I would like to share my impressions about the concepts for BirdShack
that I have read so far. Hopefully, I don't offend anybody with my
feedback. If this mail starts a real thread of replies, it might be
worth to seperate the topics into individual threads.
So far I see nothing offensive, and I'm pretty thick-skinned anyway.
1. The API and RESTful services
The plans about a HTTP(S) based communication between the
(frontend) application and the business logic layer seem to be
pretty settled.
yes, this was the major area where the Innsbruck went deep and detailed. The reason for this is that this is the key battleground between the website and the business logic. If this is established strongly, the two respective teams have at least one foot on the ground. It's also what audit wanted, a clean separation.

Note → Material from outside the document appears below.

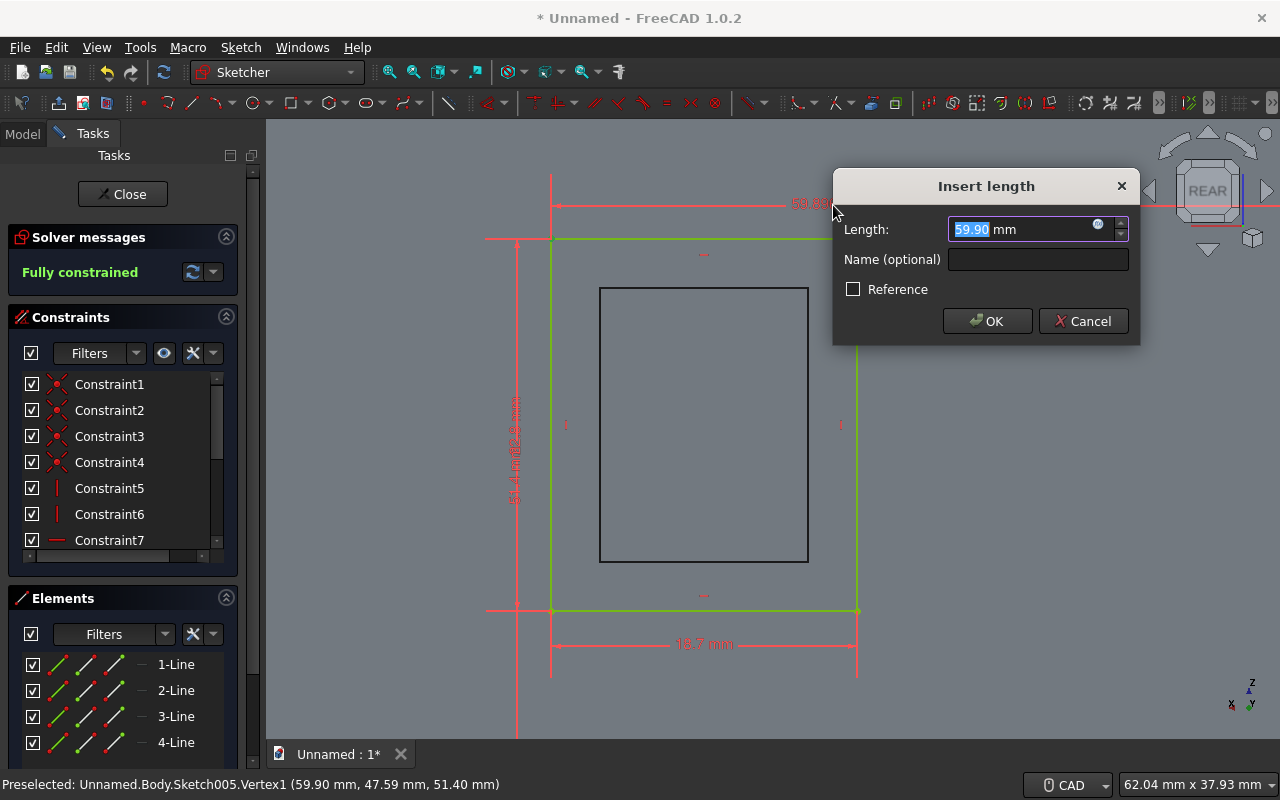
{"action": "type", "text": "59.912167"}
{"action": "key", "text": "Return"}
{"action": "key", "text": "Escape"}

https://dev.cacert.cl/wiki/birdshack/Work_History
Obviously, a call via this mechanism is by several
orders of magnitude more expensive than a direct call within
whatever programming language. Thus, an activity within a business
process (german: Geschäftsvorfall; is there a better translation?)
should result in one or very few of such calls in order to achieve
acceptable performance.
OK, just a point on performance. This is security code, and it has to be auditable security code. So, performance has to take a backseat in this design. Obviously there are some areas where we can get some performance, but the presence of a fully tiered API that is clearly accessed by a call to a port is a very important element in audit; we can very clearly draw a line at that point and confidently ignore what is on the other side of that line, while we audit our side.

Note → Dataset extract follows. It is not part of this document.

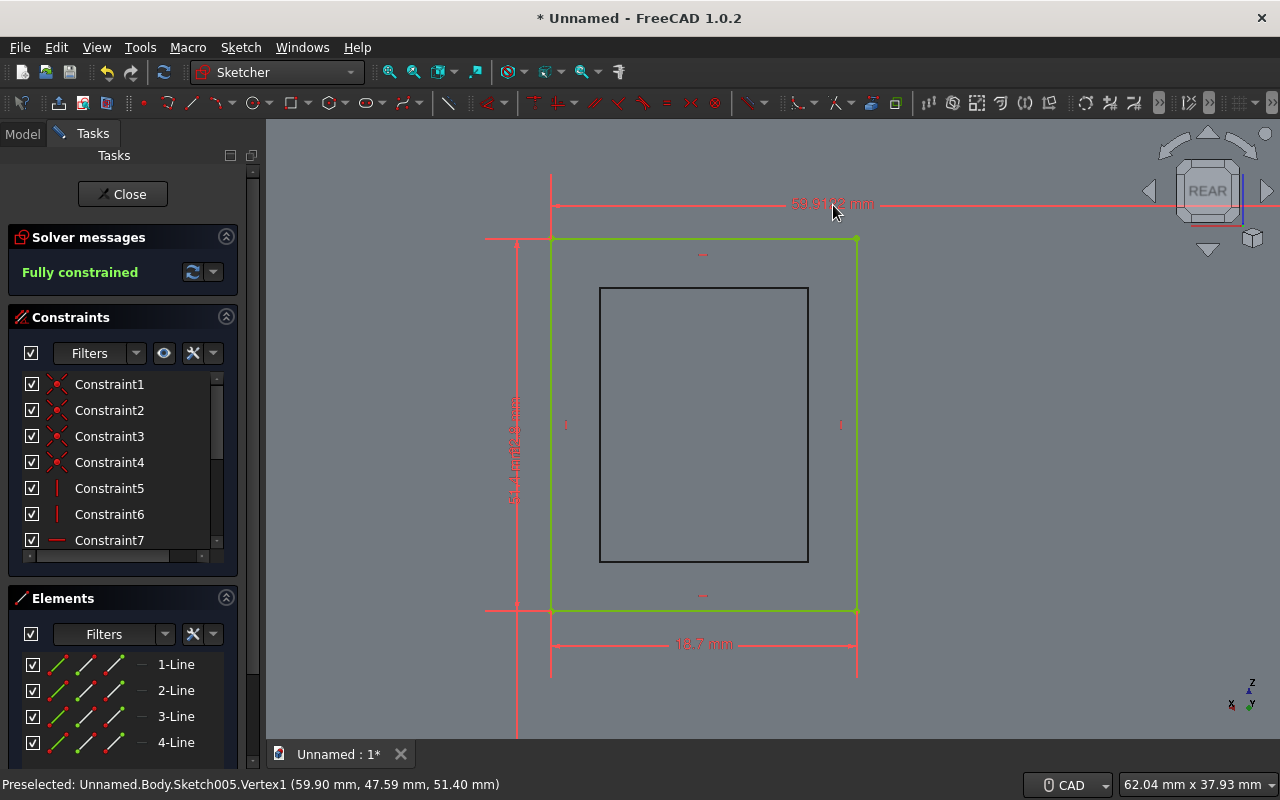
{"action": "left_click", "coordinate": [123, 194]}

https://dev.cacert.cl/wiki/birdshack/Security
Another way of putting it is that auditing performance is more important than CPU performance :) CPUs are cheaper than auditors.
(I realise you are not criticising that decision here, but I recall that Markus brought up the point that a tiered structure raises risks that might cause overall failure of the project, over a monolithic design. Your question reminded me of another reason why we went this way.)

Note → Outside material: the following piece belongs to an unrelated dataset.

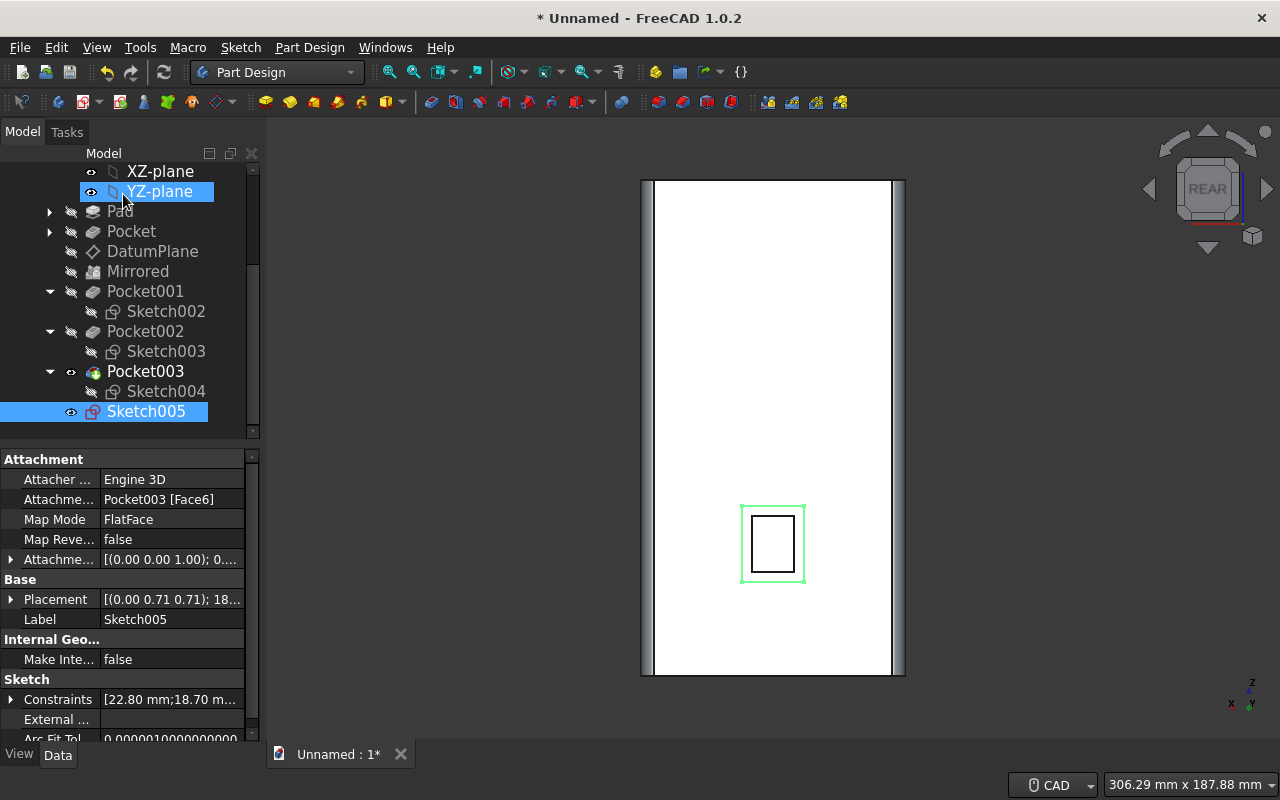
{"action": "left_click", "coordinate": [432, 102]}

As a consequence, the API should be
oriented towards the activities of the business processes.
From what I understand, the API is currently more oriented
towards the entities (classes, instances) that the business logics
knows. E.g. creating a new member would result in individual calls
to create the member, a name, a DoB, an email address and perhaps
other things. Another problem is, that it is hard to preserve the
consistency of the database. E.g. every application deleting a
member must know and implement calls to delete the name, the DoB,
the email addresses, perhaps the assurances and so on.
I see your point. Yes, when I did this approach in my last big similar API (a thing called XML-X for payments transactions) it was a business language approach, not an entities approach.
My recollection here was that the 3 other guys at Innsbruck were quite well agreed that the entities approach was better. They were following the RESTful school, which isn't in my experience.
https://dev.cacert.cl/wiki/birdshack/Resources
https://dev.cacert.cl/wiki/birdshack/URL_Space
Having said that, I actually see this as not a big deal, because in my experience, having shaken out the core on this basis, it is often easier to migrate to new calls that provide better matches between the two teams ... as the experience develops. As long as the two teams can clearly express themselves to each other, this can happen. And if they can't, then no API design will help...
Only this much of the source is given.